[Source records]
· · · ·

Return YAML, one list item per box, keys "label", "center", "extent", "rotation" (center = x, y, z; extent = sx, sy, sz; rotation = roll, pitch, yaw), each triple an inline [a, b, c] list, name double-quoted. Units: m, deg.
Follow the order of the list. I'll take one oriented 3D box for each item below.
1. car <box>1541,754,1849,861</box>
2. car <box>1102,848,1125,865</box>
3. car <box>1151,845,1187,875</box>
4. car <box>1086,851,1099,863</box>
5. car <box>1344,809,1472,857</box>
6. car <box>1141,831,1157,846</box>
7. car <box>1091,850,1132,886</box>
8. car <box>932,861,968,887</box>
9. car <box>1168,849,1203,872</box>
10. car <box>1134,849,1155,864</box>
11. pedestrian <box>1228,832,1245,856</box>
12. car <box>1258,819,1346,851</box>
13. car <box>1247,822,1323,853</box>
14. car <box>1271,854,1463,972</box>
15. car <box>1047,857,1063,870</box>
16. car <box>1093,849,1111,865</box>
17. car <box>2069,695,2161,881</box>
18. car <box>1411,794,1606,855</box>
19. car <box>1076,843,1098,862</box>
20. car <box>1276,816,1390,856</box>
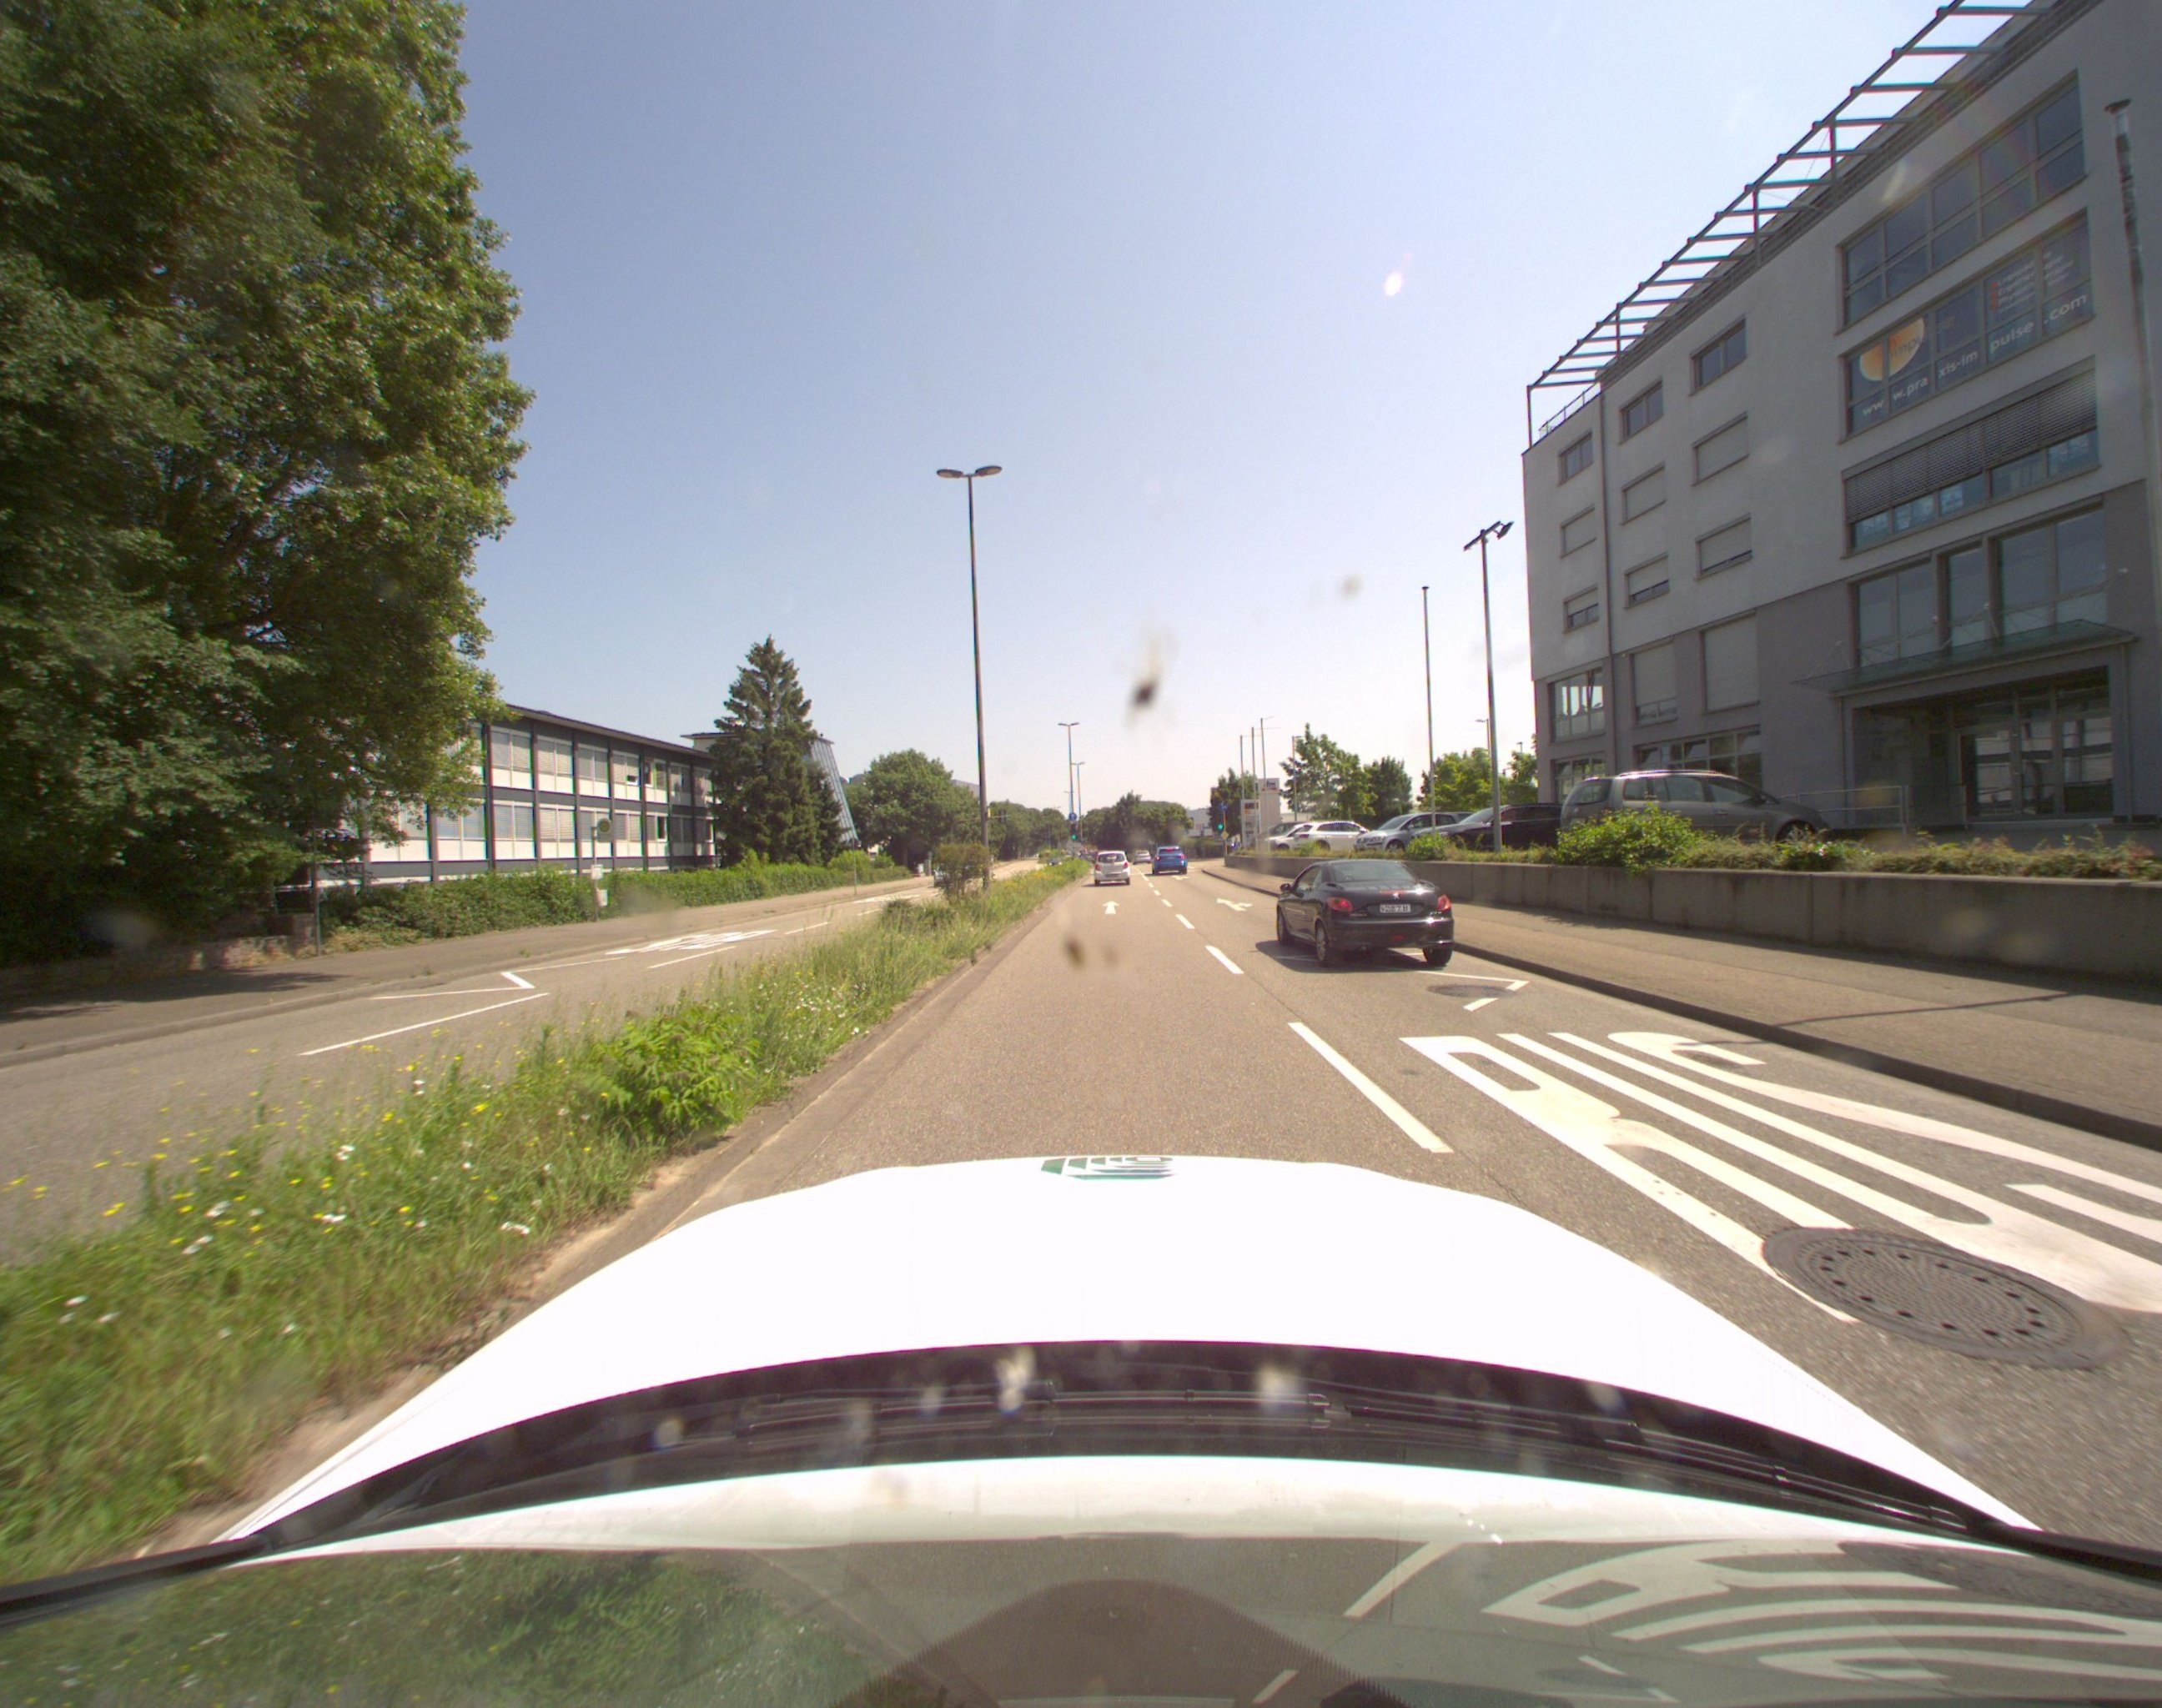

· · · ·

What you will do:
Your answer must be exactly the lines from the one with "8. car <box>932,861,968,887</box>" through the final line of the data, with no pictures in it.

Response:
8. car <box>932,861,968,887</box>
9. car <box>1168,849,1203,872</box>
10. car <box>1134,849,1155,864</box>
11. pedestrian <box>1228,832,1245,856</box>
12. car <box>1258,819,1346,851</box>
13. car <box>1247,822,1323,853</box>
14. car <box>1271,854,1463,972</box>
15. car <box>1047,857,1063,870</box>
16. car <box>1093,849,1111,865</box>
17. car <box>2069,695,2161,881</box>
18. car <box>1411,794,1606,855</box>
19. car <box>1076,843,1098,862</box>
20. car <box>1276,816,1390,856</box>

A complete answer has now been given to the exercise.